[Dataset entries]
=== Begin Enclosure ===

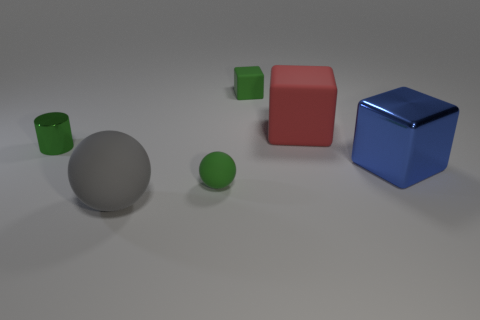Add 3 gray matte things. How many objects exist? 9 Subtract all balls. How many objects are left? 4 Subtract 1 blocks. How many blocks are left? 2 Subtract all green balls. How many balls are left? 1 Subtract all big blocks. How many blocks are left? 1 Subtract 1 gray spheres. How many objects are left? 5 Subtract all cyan blocks. Subtract all green cylinders. How many blocks are left? 3 Subtract all purple cylinders. How many green balls are left? 1 Subtract all red objects. Subtract all large purple metal cylinders. How many objects are left? 5 Add 2 small matte things. How many small matte things are left? 4 
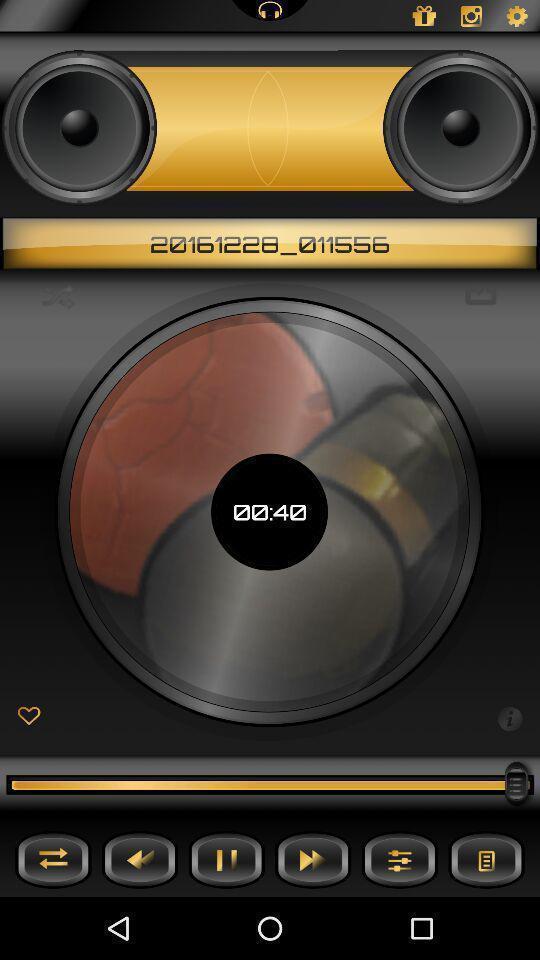Tell me about the visual elements in this screen capture. Page displaying with different options in music application. 
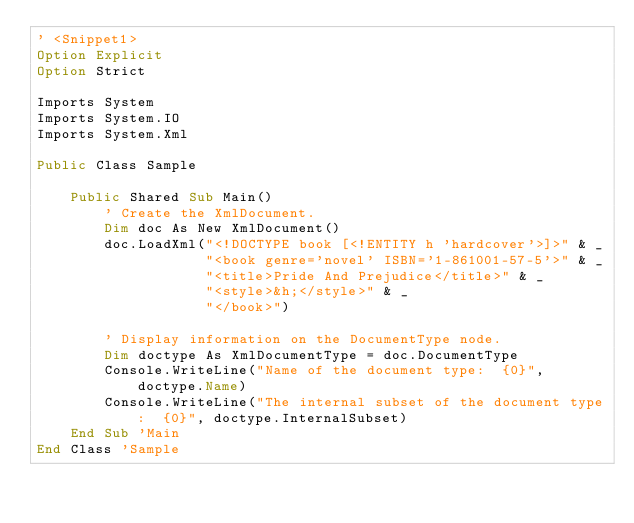<code> <loc_0><loc_0><loc_500><loc_500><_VisualBasic_>' <Snippet1>
Option Explicit
Option Strict

Imports System
Imports System.IO
Imports System.Xml

Public Class Sample
    
    Public Shared Sub Main()
        ' Create the XmlDocument.
        Dim doc As New XmlDocument()
        doc.LoadXml("<!DOCTYPE book [<!ENTITY h 'hardcover'>]>" & _
                    "<book genre='novel' ISBN='1-861001-57-5'>" & _
                    "<title>Pride And Prejudice</title>" & _
                    "<style>&h;</style>" & _
                    "</book>")
        
        ' Display information on the DocumentType node.
        Dim doctype As XmlDocumentType = doc.DocumentType
        Console.WriteLine("Name of the document type:  {0}", doctype.Name)
        Console.WriteLine("The internal subset of the document type:  {0}", doctype.InternalSubset)
    End Sub 'Main 
End Class 'Sample</code>

=== End Enclosure ===

[Task description] Lines above that contain the string "Class" make up the answer.

[Exercise answer]
Public Class Sample
End Class 'Sample</code>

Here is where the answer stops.